_WHAT YOU ARE ASKED TO DO_
Return, without pictures, the lines from the start of the data through the one that contains "Camera frame: x".

Records contained in a dataset:
•••
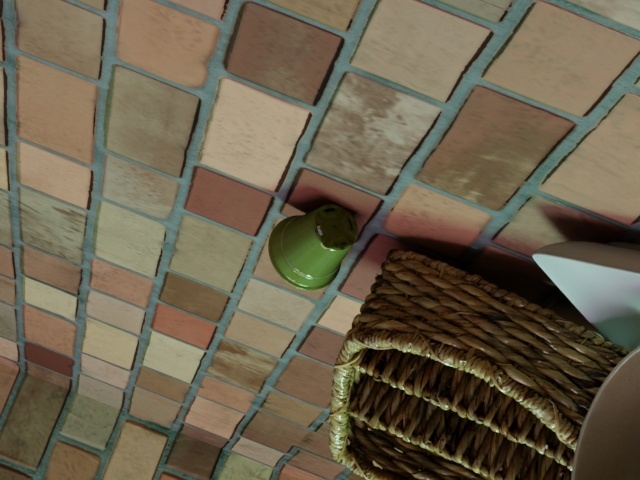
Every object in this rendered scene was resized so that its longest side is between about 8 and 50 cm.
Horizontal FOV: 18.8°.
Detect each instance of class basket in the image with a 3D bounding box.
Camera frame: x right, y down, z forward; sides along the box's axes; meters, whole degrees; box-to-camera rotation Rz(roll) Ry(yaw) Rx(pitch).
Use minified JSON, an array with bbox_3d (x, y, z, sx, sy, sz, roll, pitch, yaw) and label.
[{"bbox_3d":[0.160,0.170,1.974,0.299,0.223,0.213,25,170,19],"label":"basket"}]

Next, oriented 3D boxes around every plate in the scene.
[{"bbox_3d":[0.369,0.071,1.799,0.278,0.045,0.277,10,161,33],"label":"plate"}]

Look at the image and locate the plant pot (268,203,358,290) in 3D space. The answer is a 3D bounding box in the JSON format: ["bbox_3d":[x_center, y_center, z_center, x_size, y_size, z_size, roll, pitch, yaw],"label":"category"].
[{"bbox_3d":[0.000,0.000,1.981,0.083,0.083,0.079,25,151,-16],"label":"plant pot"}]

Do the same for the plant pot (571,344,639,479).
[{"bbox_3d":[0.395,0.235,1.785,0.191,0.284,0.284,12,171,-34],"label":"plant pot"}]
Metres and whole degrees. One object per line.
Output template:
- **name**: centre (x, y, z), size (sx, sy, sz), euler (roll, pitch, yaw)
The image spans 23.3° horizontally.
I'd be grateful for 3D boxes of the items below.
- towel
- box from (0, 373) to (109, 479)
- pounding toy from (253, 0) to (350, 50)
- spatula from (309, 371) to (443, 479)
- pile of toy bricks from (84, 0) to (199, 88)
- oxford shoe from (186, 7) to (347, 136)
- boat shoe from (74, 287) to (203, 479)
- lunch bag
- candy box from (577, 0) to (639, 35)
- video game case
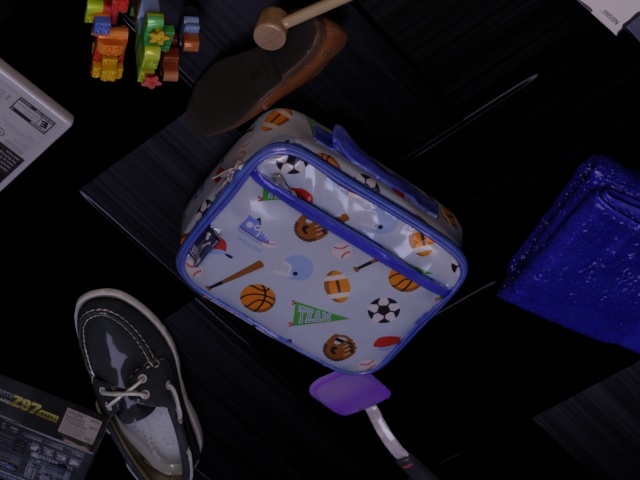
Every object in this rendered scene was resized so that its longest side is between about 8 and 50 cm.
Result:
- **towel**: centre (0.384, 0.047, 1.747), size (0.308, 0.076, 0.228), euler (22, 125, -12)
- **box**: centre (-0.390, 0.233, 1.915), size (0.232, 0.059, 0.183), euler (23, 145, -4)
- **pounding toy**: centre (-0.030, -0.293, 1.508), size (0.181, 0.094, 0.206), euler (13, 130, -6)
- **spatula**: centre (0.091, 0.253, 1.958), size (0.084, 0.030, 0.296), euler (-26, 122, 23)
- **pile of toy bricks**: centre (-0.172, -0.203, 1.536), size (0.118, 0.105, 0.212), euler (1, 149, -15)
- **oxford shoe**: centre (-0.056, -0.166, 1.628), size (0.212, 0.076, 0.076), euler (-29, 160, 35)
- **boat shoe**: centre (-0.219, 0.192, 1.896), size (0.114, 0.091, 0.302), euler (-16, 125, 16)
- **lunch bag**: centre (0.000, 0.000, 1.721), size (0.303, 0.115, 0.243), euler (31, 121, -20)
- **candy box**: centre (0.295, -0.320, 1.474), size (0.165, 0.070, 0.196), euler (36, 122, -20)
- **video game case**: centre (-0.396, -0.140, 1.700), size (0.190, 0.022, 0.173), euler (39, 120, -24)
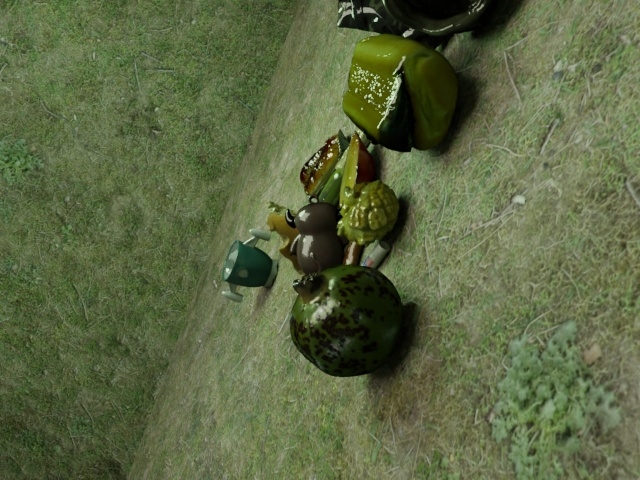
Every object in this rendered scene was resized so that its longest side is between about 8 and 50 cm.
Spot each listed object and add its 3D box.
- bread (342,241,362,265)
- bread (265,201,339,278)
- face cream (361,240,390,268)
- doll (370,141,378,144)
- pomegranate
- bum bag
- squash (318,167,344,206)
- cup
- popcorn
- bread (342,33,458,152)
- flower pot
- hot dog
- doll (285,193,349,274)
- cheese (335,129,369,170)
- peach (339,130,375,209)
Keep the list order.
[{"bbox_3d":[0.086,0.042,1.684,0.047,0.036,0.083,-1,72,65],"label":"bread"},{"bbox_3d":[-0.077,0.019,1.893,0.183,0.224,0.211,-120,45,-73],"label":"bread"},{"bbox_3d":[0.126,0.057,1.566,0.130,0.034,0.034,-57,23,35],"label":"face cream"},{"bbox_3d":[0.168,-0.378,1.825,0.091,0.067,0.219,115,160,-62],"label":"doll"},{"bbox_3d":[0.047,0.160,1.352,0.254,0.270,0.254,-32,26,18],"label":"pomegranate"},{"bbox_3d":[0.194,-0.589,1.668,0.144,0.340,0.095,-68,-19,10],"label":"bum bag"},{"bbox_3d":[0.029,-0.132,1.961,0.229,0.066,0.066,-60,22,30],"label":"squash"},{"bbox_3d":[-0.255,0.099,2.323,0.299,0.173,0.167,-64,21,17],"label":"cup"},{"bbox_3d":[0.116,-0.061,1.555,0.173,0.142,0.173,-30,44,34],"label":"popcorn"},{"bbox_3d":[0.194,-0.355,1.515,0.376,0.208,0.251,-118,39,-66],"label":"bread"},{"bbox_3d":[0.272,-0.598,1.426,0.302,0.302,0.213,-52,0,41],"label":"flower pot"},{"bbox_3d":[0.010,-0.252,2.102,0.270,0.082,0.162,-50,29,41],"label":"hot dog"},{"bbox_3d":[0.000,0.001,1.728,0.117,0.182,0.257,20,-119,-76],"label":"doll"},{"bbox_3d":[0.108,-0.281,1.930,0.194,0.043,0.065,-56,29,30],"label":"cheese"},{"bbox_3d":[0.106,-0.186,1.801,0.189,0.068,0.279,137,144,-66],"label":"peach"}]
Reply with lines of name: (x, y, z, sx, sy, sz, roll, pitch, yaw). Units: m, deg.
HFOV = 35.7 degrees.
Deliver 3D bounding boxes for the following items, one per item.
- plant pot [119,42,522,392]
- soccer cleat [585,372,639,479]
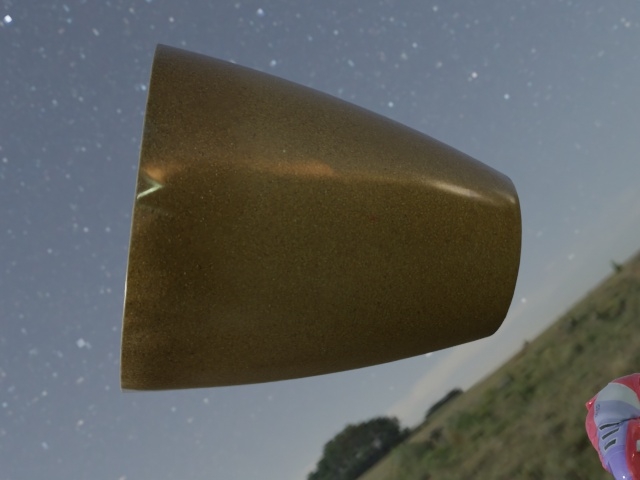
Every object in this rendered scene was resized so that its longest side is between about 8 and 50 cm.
•••
_ANSWER SECTION_
Every object in this rendered scene was resized so that its longest side is between about 8 and 50 cm.
Horizontal FOV: 18.8°.
Detect each instance of class basket in the image with a 3D bounding box.
Camera frame: x right, y down, z forward; sides along the box's axes; meters, whole degrees; box-to-camera rotation Rz(roll) Ry(yaw) Rx(pitch).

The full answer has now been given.